La carriera solista di Eddie Vedder sembrava essersi arenata undici anni fa, evaporata tra i suoni di un ukulele, strumento a corda che il cantante dei Pearl Jam aveva imparato a suonare quasi per scherzo, alla fine degli anni ’90, e che era diventato, successivamente, una cosa molto seria, tanto da divenire protagonista assoluto di un intero album (Ukulele Songs). Un progetto defilato, quello, come a voler marcare la distanza dalla casa madre e da tutta quella iconografia rock, che iniziava, dopo tanti anni, ad accumulare un po' di polvere.

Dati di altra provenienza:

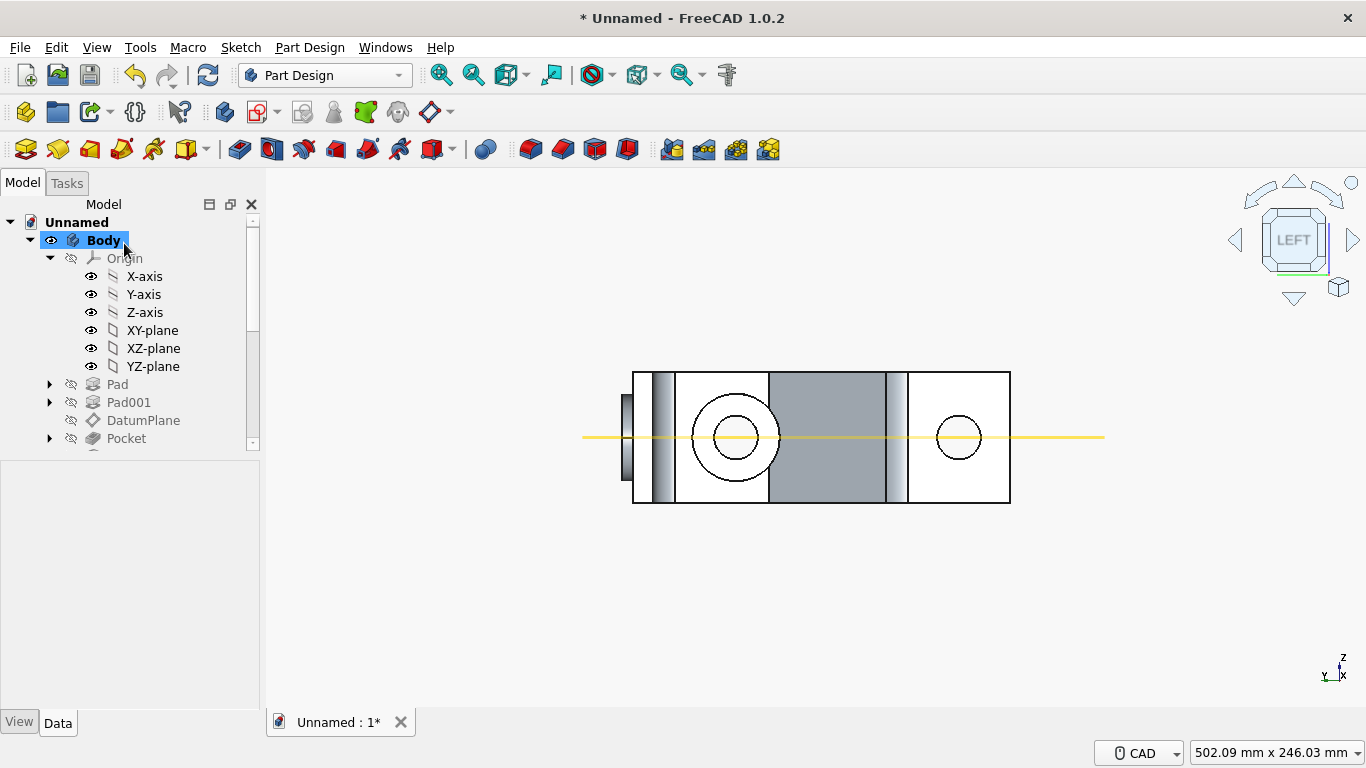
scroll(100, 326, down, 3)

Sorprende, ma per altri motivi, questo nuovo Earthling, che è l’esatto opposto del suo predecessore, un album in cui il rocker torna centrale e la posizione di retroguardia svanisce in nome di un approccio decisamente più sfrontato, elettrico e, in parte, rumoroso. Un disco mainstream, si potrebbe dire, di una artista che ha passato tutta la carriera a sfuggire da questa definizione, la cui accezione, però, come in questo caso, non è necessariamente negativa. Anzi. Vedder, infatti, coagula in Earthling tutto il suo “sentire” musicale: ci sono i Pearl Jam, le ballate acustiche, che lo hanno sempre visto come interprete appassionato, ci sono quelle scazzottate punk rock innervate di rabbia che pompano adrenalina, e c’è l’omaggio ai suoi eroi musicali, qui citati con amorevole devozione (Beatles, Tom Petty, Springsteen). Un'opera mainstream, dunque, perché si rivolge a tutti gli appassionati di rock con un linguaggio universale, codificato, diretto.

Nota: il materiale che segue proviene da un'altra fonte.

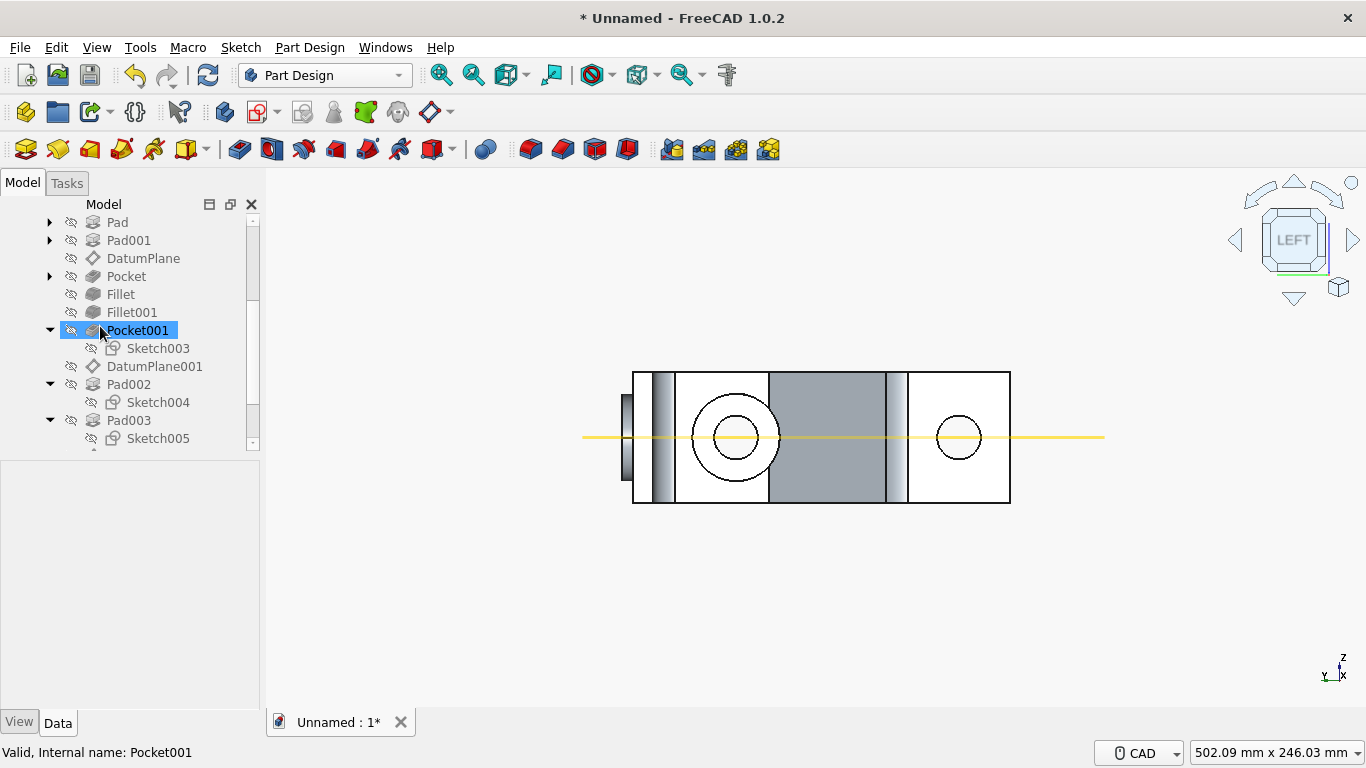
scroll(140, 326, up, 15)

Un disco confuso, ha scritto qualcuno. In realtà, no. E’ semmai il disco di un artista che, fuori dallo steccato Pearl Jam e dal processo di scrittura collettivo, ha deciso di mettere in note tutto quello che gli passava per la testa, senza calcoli e con la libertà conquistata con il suo luminoso curriculum. C’è tanta carne al fuoco, è vero, ma la cottura è da chef stellato, grazie al collante di grandi linee vocali (quell’incredibile baritono che sa di caffè nero bollente), che dimostrano, se mai ce ne fosse bisogno, la straordinaria caratura di uno dei vocalist tra i più grandi di sempre.
Earthling non farà la storia del 2022, certo, ma è un disco che la storia la guarda con attenzione filologica e con lo sguardo divertito di un artista che non deve dimostrare nulla e può giocare al tavolo da poker con lo sguardo sornione di chi ha le spalle coperte anche in caso di sconfitta. Una scaletta varia, dicevamo, che parte alla grande con il crescendo di "Invincible", le cui chitarre sembrano prese in prestito da "Solsbury Hill" di Peter Gabriel e la cui progressione armonica sembra creata apposta per accendere il pubblico sotto il palco, a inizio concerto. Ci sono anche canzoni che suonano esattamente come se fossero state composte per un disco dei Pearl Jam: il saliscendi emotivo di "Brother The Cloud", che travolge per quegli improvvisi slanci elettrici, o l’uno - due di "Rose Of Jericho" e "Try" (straniante e riuscitissima la presenza di Stevie Wonder all’armonica) due canzoni, che scalciano con violenza e recuperano l’energia garage rock che animava Vitalogy.
Tra ospitate importanti (il citato Wonder, Chad Smith alla batteria e Elton John a duettare in "Picture", il brano più debole in scaletta, a dire il vero), Vedder si abbandona ad afflati nostalgici, abbracciando simbolicamente i suoi eroi di sempre: la splendida "Long Way" è una ballata radiofonica che accarezza le orecchie come una canzone perduta di Tom Petty, "The Dark" è springsteeniana fino al midollo, e "Mrs. Mills", con Ringo Starr alla batteria, sembra emergere dalle trame psichedeliche di "Sgt. Pepper".
Earthling è in definitiva un disco che piacerà ai fan dei Pearl Jam, ma anche a tutti coloro che amano il classic rock, di cui Vedder è interprete a tutto tondo. Messo da parte il simpatico ukulele, il cantante dei Pearl Jam è tornato a fare quello per cui è nato, e cioè scrivere canzoni appassionate, che guardano al passato, certo, ma che sono ancora tanto vitali e scalcianti da meritarsi un posto di riguardo tra i nostri ascolti più assidui del 2022.